After you wipe your butt and crotch with a towel, you dont want the towel to touch your face. Next night, dry your face and head first.

thinking that the 'writing comments procedure' on this website is extremely irritating.

When you were in elementary school you thought people laughed at Uranus because it sounds kinda like urine and then wondered why it was so funny; the two only sound remotely alike.

I never let anything go over the toilet when It's open.

When I am in a car i always think there is massive swords coming out the edge of the car and make everything the same length up

I read your stuff at the interwebs and think "sons, I am disappoint" Moral: Lol, I just might be your father you know... But that does not mean you disappoint me anymore, I kinda expect your worst? Best? I mean... Are you doing your worst on purpose? WOW!

Show up for a blind date and say DAMN, WTF! When they open the door.

When I'm in a room with other people, no matter who they are, I make myself choose the person I would tolerate the best having sex with just in case of a disaster and we need to procreate.

Not laughing at funny things on T.V. because nobody is around.

when i m in a car i'll look at the letters on license plates and try to think of words that you can make-or almost make- with those letters

when on long car rides look out the window imagineing stick figures running

Secretly think that Flo from the Progressive commercials is bangable.

Scratch my ass/armpit and HAVE to smell it.

I take pains to be Anti-Democrat and Anti-Republican. Because both parties are really gross money & career machines beholden to industry. I really am middle-of-the-road on lots of issues. even though I don't understand what the fuck makes an intelligent conservative tick. but I may just be biased because it's all neo-cons on the news. idk.
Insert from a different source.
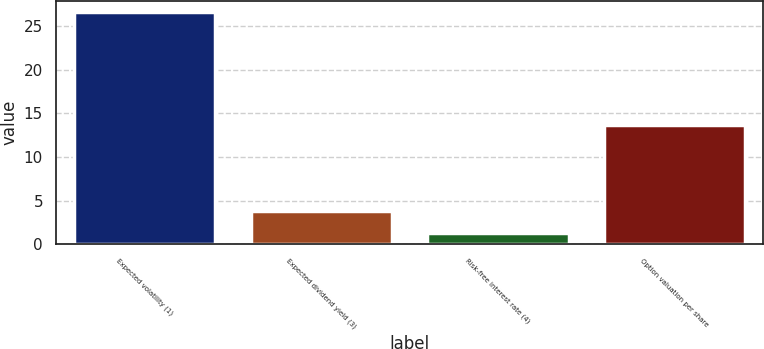<chart> <loc_0><loc_0><loc_500><loc_500><bar_chart><fcel>Expected volatility (1)<fcel>Expected dividend yield (3)<fcel>Risk-free interest rate (4)<fcel>Option valuation per share<nl><fcel>26.6<fcel>3.82<fcel>1.29<fcel>13.68<nl></chart>

Sometimes when you are looking down at a book or something you look up because you think you saw a person. Nope it was a tall lamp with a coat hung on it. Find youself periodically looking up every 5 minutes to make sure.

Read for hours... then hear a narrative for everything you do after you stop reading. for ex: "Jen gets out of the car, shutting it with a loud bang. She walks towards the house, noticing the dead squirrel in the road."

I laugh easier when im with someone

look around my house for something to do for what feels like an hour then look back at a clock to realize thats its only been 4 minutes

Wish that Mexicans would go ruin their own country instead of ruin ours.

I sometimes see or think of words and pronounce them differently. ie. Garbage, gar-bah-ge ("ge" like a vibration sound), Target, tar-jhay

Cry every day just because it makes you feel better.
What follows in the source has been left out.